Time period: Delivered at the first public funeral for the war dead, around 431 BCE, as recorded by Thucydides; Athens at war with Sparta. The speech contrasts democratic Athens with militaristic Sparta to justify the war effort and celebrate Athenian identity.

Significance: Pericles uses this contrast to defend the Athenian way of life during wartime, arguing that a free people, educated by culture rather than coercion, willingly confronts danger for the sake of the polis, capturing the Funeral Oration’s core theme that freedom and excellence reinforce one another, upholding Athenian democracy.

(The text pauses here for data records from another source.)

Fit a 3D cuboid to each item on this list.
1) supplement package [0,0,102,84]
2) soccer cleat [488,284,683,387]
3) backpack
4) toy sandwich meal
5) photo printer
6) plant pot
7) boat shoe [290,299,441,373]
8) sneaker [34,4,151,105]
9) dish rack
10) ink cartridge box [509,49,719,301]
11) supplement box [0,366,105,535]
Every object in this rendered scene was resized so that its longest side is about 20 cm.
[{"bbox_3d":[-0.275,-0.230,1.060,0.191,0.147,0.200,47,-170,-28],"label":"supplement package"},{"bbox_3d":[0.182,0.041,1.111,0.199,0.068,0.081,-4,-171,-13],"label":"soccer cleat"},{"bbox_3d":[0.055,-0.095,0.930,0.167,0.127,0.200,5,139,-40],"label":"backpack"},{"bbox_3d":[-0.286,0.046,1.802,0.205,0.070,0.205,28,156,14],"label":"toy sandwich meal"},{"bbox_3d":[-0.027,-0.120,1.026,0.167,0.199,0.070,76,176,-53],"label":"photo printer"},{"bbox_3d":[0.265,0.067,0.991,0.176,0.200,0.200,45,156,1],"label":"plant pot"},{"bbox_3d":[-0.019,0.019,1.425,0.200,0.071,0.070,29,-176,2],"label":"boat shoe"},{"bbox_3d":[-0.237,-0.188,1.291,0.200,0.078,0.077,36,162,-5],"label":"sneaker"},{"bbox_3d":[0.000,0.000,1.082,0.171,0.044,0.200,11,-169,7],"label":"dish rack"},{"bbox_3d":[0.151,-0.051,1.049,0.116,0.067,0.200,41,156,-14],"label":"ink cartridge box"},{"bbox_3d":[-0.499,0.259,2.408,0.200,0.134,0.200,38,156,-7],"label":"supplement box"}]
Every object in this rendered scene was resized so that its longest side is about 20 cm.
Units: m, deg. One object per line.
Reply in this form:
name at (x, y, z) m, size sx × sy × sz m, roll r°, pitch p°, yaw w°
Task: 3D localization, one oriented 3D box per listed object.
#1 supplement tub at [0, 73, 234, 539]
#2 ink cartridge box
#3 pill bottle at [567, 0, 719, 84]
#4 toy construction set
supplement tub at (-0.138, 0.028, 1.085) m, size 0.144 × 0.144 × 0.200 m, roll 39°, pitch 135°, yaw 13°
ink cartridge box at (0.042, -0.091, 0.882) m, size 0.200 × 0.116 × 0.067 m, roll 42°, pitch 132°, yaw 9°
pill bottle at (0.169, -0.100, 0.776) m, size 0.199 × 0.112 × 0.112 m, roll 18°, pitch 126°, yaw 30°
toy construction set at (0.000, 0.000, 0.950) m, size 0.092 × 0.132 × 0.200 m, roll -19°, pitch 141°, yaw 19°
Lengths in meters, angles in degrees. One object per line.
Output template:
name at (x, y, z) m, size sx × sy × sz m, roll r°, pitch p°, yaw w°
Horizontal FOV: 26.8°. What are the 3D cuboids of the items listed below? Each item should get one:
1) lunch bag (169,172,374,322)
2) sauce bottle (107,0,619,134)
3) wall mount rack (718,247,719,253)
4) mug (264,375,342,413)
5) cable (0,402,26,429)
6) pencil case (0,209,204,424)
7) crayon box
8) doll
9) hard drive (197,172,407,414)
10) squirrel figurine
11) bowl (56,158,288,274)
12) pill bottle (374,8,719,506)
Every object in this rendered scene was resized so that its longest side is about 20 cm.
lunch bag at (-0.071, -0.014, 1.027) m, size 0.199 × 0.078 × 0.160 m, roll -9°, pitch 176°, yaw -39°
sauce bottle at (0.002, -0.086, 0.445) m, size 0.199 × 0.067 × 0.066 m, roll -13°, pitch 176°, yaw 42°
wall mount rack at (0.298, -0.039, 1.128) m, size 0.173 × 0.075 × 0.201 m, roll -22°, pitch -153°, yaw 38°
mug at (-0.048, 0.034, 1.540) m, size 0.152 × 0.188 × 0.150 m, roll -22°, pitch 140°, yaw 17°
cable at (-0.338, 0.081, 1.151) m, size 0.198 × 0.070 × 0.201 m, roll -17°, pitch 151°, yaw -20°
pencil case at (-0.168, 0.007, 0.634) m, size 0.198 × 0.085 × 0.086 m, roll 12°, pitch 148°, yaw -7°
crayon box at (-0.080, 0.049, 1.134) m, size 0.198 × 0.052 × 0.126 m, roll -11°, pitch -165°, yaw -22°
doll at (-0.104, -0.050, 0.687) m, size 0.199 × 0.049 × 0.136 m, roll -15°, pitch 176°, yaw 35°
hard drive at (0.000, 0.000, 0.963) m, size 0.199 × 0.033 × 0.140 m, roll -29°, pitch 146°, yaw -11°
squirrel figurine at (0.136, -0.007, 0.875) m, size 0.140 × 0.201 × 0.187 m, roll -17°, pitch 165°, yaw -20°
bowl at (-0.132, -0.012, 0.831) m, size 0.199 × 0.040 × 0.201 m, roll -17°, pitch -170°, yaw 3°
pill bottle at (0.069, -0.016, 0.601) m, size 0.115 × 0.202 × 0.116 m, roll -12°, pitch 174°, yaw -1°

Explanation in context of the bolded words: In Pericles’ account, education encompasses the whole Athenian cultural system—arts, music, rhetoric, civic participation—that forms citizens who defend their city out of genuine commitment rather than compulsion. He contrasts this with our rivals, especially Sparta, whose strength comes from rigid regimentation and a painful discipline like the agoge, a harsh upbringing that enforces obedience and austerity. By contrast, Athenians “live exactly as we please,” enjoying personal freedom, open culture, and self-directed lives, yet they remain deeply loyal to the polis. Thus, even without coercive training, they are fully prepared to encounter every legitimate danger, showing that courage rooted in freedom is more admirable and effective than courage produced by fear or compulsion.

Textual Evidence 1 (same source): Funeral Oration, education is tied to a democratic upbringing: open debate, public life, and self-motivated virtue.

Textual Evidence 2: In Kitto’s writings, Athens is described as a culture where citizens “live fully,” unburdened by rigid social control.